> _The input_:
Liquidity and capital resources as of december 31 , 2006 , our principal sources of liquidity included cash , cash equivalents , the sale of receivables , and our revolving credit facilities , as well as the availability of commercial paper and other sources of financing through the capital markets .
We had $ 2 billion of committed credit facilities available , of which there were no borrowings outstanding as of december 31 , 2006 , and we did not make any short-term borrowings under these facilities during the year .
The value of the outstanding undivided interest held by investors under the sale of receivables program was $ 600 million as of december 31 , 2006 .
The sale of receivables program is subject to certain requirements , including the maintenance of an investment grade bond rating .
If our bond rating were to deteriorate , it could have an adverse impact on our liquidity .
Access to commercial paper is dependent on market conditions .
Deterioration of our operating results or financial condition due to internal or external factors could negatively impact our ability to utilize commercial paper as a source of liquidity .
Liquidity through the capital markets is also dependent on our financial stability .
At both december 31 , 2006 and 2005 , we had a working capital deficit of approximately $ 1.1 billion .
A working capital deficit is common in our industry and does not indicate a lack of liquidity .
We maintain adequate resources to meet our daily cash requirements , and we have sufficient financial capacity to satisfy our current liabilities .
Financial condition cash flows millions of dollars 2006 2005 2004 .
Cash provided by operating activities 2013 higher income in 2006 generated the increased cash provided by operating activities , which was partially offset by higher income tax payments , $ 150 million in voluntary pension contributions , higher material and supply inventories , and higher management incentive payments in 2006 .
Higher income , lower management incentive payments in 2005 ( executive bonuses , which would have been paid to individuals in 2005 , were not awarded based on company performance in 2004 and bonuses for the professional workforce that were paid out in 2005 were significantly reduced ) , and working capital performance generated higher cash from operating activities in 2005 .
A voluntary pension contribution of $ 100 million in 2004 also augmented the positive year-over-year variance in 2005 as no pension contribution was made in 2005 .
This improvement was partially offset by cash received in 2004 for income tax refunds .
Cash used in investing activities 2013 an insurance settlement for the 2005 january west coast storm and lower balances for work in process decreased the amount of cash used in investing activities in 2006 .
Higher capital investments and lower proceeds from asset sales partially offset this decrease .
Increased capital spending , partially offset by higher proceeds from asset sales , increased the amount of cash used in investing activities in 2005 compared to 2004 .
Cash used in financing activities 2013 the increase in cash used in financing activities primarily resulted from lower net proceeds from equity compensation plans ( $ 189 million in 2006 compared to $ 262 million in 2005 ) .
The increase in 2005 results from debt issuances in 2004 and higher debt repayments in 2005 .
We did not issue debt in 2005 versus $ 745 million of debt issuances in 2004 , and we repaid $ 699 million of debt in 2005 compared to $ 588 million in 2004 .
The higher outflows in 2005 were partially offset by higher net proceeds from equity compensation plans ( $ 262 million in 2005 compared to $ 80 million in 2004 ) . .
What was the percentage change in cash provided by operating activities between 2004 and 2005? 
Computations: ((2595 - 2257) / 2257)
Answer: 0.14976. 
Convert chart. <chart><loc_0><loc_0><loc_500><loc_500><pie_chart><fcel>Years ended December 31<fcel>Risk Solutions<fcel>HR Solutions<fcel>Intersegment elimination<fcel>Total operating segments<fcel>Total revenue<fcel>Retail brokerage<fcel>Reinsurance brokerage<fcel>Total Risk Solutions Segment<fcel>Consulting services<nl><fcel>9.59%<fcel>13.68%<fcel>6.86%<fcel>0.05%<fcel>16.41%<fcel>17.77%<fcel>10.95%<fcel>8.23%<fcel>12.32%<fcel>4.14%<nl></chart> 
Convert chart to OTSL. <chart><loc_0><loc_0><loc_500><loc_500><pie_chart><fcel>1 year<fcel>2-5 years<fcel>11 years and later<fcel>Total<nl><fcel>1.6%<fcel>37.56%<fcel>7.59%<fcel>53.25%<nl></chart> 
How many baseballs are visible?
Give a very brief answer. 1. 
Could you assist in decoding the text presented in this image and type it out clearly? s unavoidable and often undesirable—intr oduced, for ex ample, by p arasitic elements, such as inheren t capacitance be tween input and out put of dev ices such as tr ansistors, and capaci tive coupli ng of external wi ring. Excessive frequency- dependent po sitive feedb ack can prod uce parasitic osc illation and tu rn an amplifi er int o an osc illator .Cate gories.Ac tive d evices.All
---
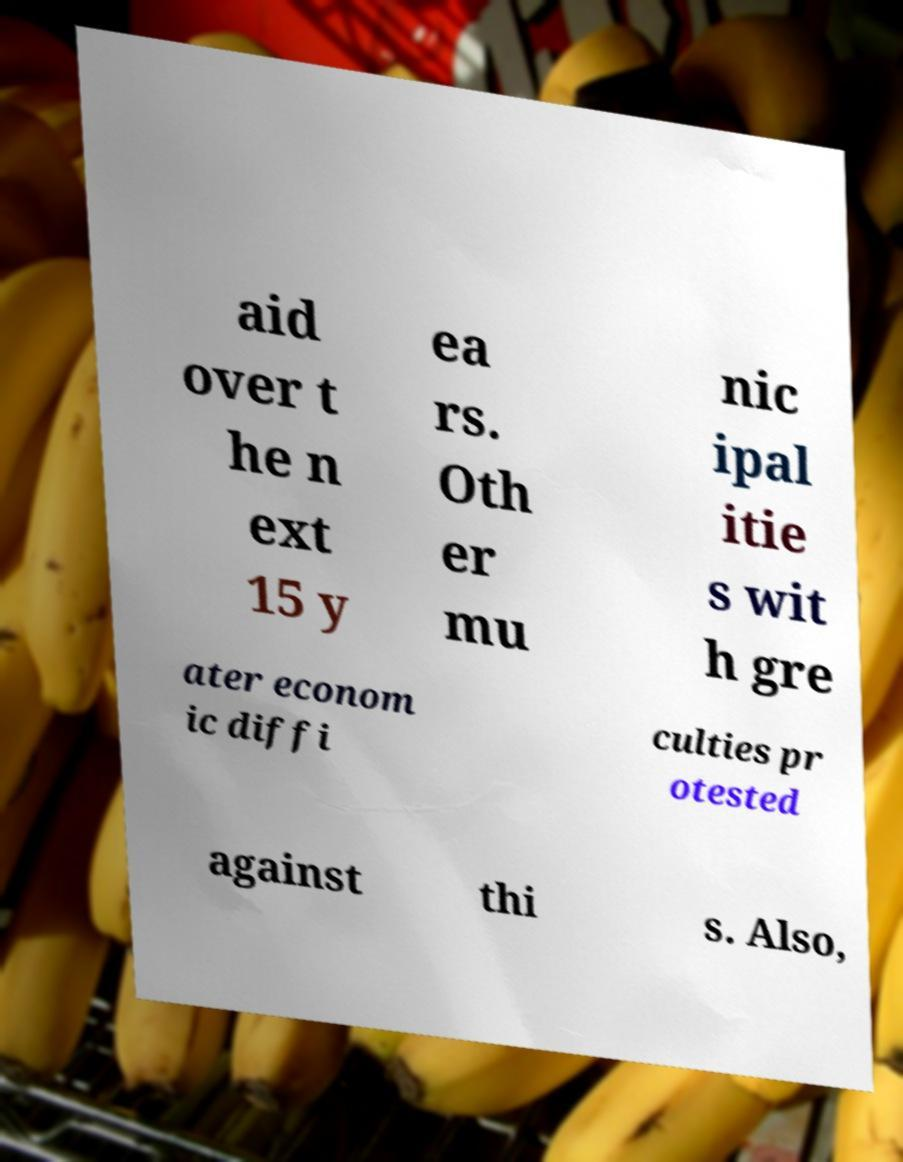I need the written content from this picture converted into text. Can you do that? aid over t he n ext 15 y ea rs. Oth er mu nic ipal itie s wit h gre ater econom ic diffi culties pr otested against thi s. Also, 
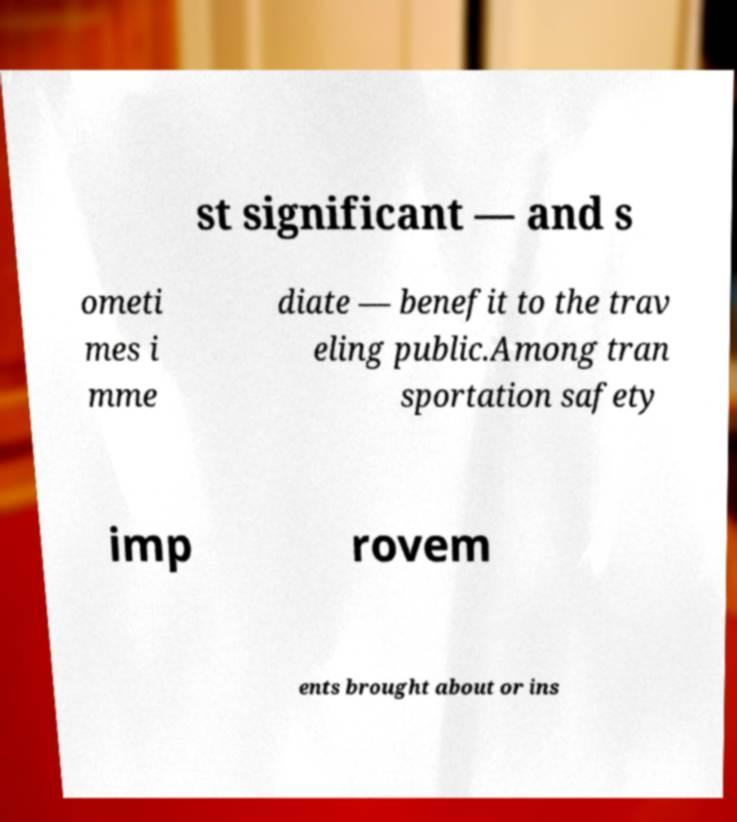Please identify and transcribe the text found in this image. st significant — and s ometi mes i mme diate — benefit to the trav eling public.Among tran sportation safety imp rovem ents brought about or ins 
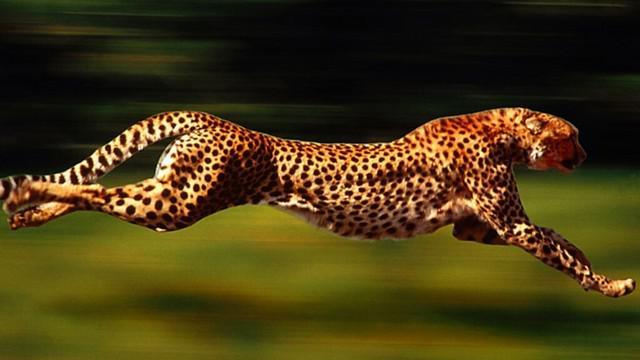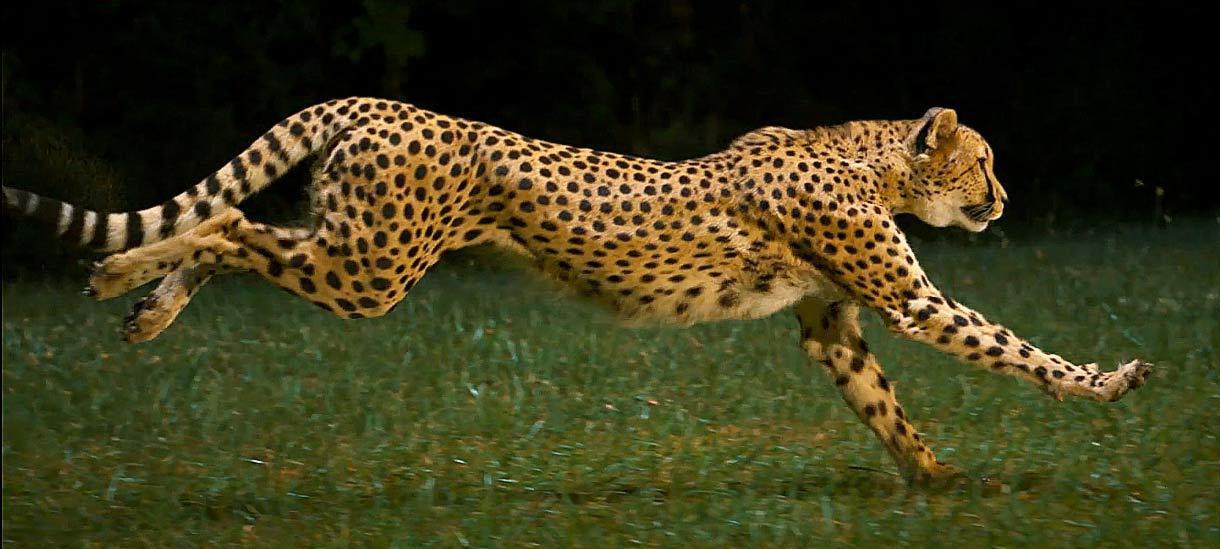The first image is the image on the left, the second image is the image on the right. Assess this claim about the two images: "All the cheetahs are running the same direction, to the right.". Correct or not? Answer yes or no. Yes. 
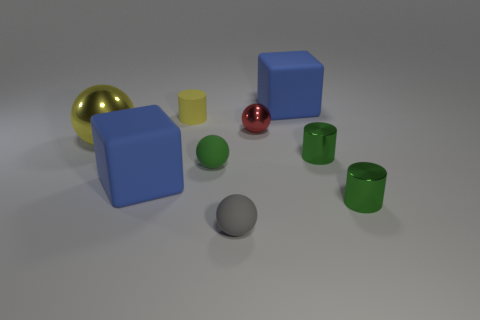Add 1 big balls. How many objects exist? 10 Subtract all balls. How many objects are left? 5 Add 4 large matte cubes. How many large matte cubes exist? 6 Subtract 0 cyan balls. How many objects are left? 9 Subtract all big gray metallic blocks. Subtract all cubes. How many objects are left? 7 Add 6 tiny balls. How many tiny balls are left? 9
==
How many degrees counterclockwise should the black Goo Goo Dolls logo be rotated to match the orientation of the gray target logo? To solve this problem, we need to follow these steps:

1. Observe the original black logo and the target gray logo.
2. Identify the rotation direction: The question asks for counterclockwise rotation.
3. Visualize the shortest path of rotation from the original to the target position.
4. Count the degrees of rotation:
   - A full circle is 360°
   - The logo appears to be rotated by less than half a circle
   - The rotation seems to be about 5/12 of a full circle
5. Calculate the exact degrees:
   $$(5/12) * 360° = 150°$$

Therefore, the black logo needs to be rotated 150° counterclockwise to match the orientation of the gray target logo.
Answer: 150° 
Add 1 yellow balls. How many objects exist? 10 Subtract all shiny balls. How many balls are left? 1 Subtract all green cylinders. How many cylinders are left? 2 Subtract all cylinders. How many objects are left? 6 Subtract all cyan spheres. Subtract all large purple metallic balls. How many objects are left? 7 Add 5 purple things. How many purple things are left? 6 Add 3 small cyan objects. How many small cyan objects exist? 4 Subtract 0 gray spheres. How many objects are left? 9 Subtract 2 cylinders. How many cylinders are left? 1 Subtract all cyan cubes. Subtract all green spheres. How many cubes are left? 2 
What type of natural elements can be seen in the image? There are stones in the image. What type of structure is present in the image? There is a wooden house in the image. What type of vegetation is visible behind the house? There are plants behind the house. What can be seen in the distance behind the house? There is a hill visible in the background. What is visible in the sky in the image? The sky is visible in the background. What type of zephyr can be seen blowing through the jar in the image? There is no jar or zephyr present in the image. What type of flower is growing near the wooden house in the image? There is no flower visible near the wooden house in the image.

> _Task_:
This exercise requires the number of lines in the entries holding the word "requirements", written alone.

> _Written solution_:
2